There are some family issues that are weighing on my mind, and I’ve always been a rabid worrier when it comes to my family. Worrying does nothing but age me and lead to unpleasant physical manifestations, so I’m trying to stop worrying. This is where being a Christian, albeit one who uses God as a spare tire (call on him when I’m stranded) rather than a steering wheel (use regularly to guide the way), helps. Prayer, or for those who don’t believe in God, meditation, is really a good way to ground yourself when dealing with situations you can’t control. If I say a quick word of prayer it definitely gives me some peace, but since I don’t have a lot of faith, it’s easy for me to slide back into my old ways. So, regular prayer is going to be back on my to do list (it never left; it just wasn’t getting done).

Howver, it was probably the article I read on the bus on the way to work, the one that mentioned an artist’s blindness as a result of complications with diabetes that upset me. My mom is diabetic and everything from ads on tv about the disease to articles that casually throw in something like the above detail about the artist, always upset me. Did you hear of that computer programmer who designed something that would block Jus.tin Be.iber references from your computer screen? I want the same for diabetes (though knowing what is being blocked probably wouldn’t help; I want it to just remove the presence of the word). Again, I can’t control my mom’s condition; I can only help her with the part that I can control: help around the house so that she has more time and energy for exercise, or join her for exercise (a great suggestion from my colleague and from other friends who have heard my woes and seen me cry over this situation).

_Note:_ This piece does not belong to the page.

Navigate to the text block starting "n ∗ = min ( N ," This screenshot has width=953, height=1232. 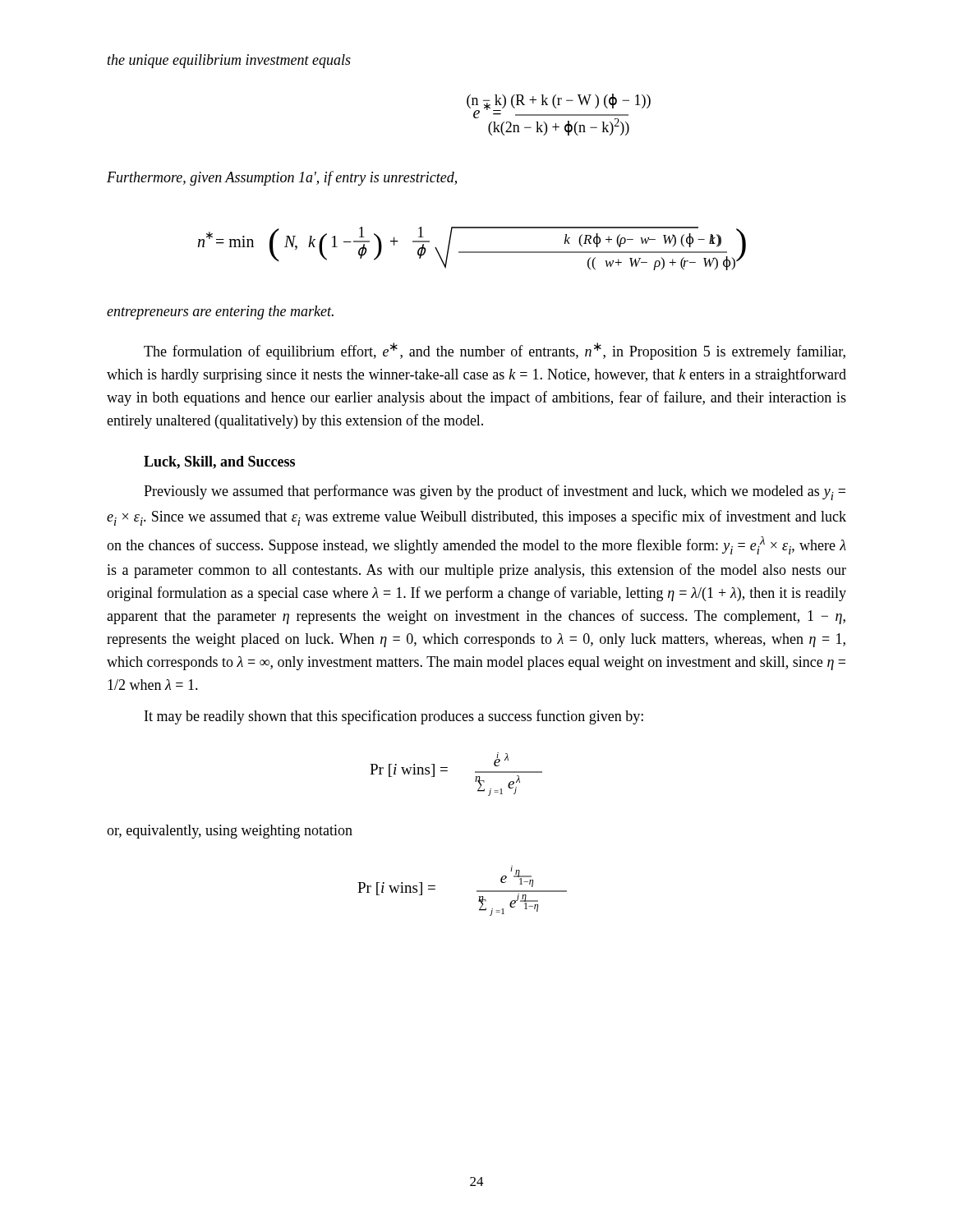pyautogui.click(x=476, y=241)

I’ve also been wanting to spend more QUALITY time with my parents. When I go over, it’s not at a planned time or day, so although they are usually there, sometimes they are not, or they have other things to attend to. I’d like to spend actual time with them, doing something they like and really relishing the time we have together. My colleague suggested setting a date for Sundays where I go over and help my mom cook meals for the week or for the next few days. I’m not a fan of the kitchen but since this isn’t about me, I think it’s a great idea, one I know my mom would appreciate.

I have also been lax at having siblings (and people generally) over. That has to change, even if it means I have to stop letting my dishes pile up before washing them, and even if it means I have to get my paper clutter under control. I want to socialize chez moi!

(Quick update on the exercising: I got back on that wagon on May 30, a Saturday (14 days later), skipped the Monday and Tuesday but managed to do it Wednesday and Thursday. I was really tempted to do it yesterday but I feeling very sore. I will do it today though. I also walked twice during the week!)